How to Clean Up a Property under Option to Maximize Its Curb Appeal and Resale Value

11 always amazes me how a professionally applied industrial-strength cleaning can dramatically improve any property's appearance. And that is exactly why I told you in Chapter 14 to always include a clause in your option agreement that gives you the right to enter and clean the property during the option period. You must give a property under option an old-fashioned industrial-strength cleaning to:

1. Make the property more visible and accessible to prospective buyers passing by.

2. Keep vandals, arsonists, homeless squatters, and drug addicts from gaining easy access to the property.

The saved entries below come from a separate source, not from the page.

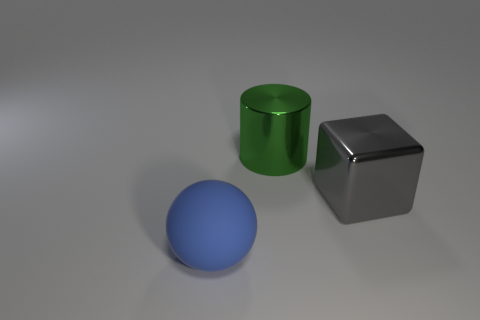Add 2 gray cylinders. How many objects exist? 5 Subtract all blocks. How many objects are left? 2 Subtract 0 green balls. How many objects are left? 3 Subtract all large gray blocks. Subtract all gray metal blocks. How many objects are left? 1 Add 2 big matte spheres. How many big matte spheres are left? 3 Add 2 large matte spheres. How many large matte spheres exist? 3 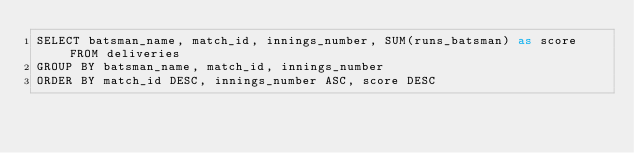<code> <loc_0><loc_0><loc_500><loc_500><_SQL_>SELECT batsman_name, match_id, innings_number, SUM(runs_batsman) as score FROM deliveries
GROUP BY batsman_name, match_id, innings_number
ORDER BY match_id DESC, innings_number ASC, score DESC</code> 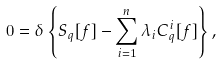<formula> <loc_0><loc_0><loc_500><loc_500>0 = \delta \left \{ S _ { q } [ f ] - \sum _ { i = 1 } ^ { n } \lambda _ { i } C ^ { i } _ { q } [ f ] \right \} ,</formula> 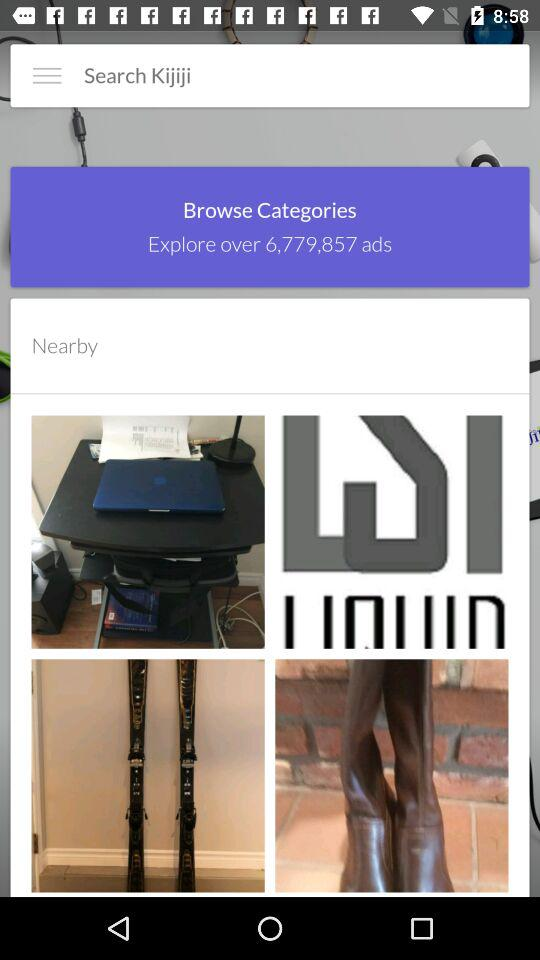What are the names of the ads listed?
When the provided information is insufficient, respond with <no answer>. <no answer> 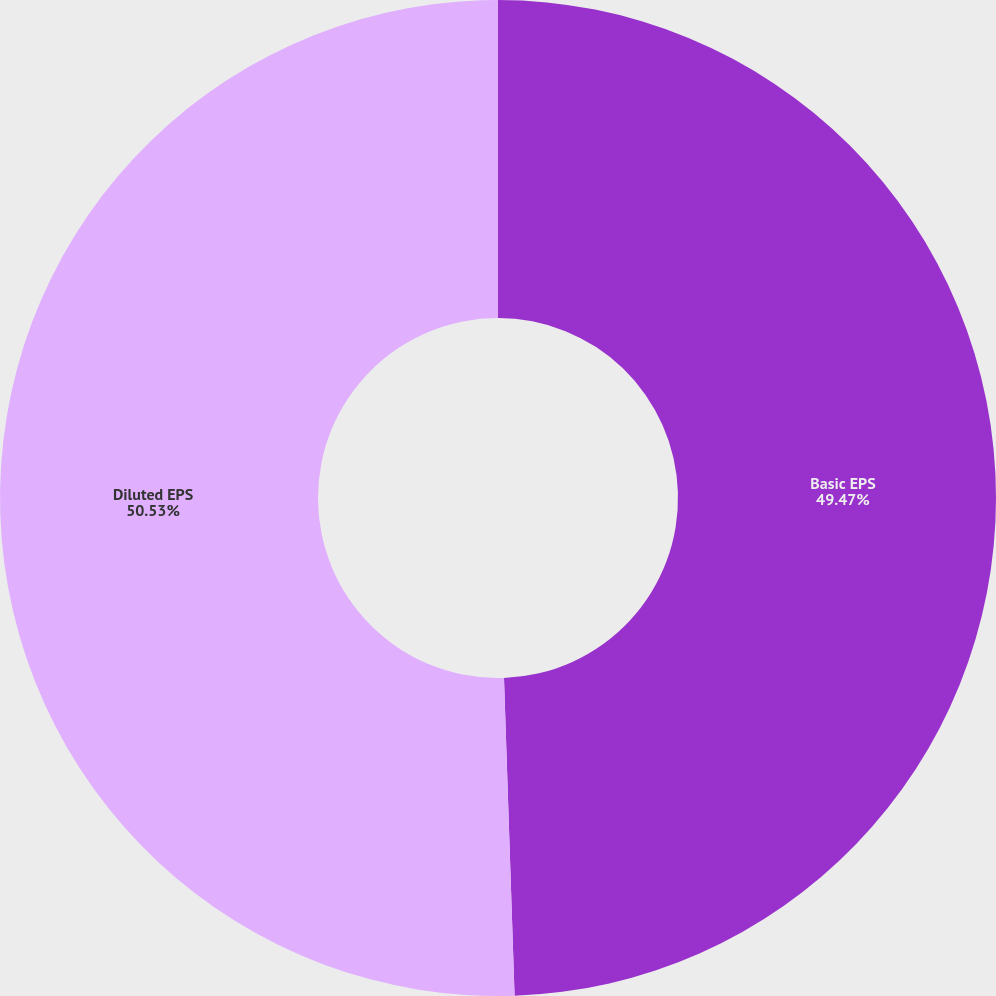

3. Maximize the property's curb appeal.

4. Increase the property's resale value.

If you followed my advice in Chapter 13, you should have negotiated a $500 cleaning credit, which the owner deducted from the option fee. The cleaning credit is to help investors defray property cleanup costs. And depending on the property's size and condition, most of my cleanups run from $500 to $1,200. For example, it usually costs me right around $500 to have a vacant three-bedroom, two-bathroom, single-family house cleaned up. This includes trash removal, lawn mowing, tree trimming, and pressure washing. I spend between $500 and $1,200 for an industrial-strength cleaning on a vacant piece of commercial property. I use a father and son team, who specialize in clearing lots, hauling trash, pressure washing, and making buildings secure. My guys are experienced professionals with state-of-the-art equipment, who work fast and charge reasonable rates. But most importantly, they do the job right the first time and I do not have to babysit them.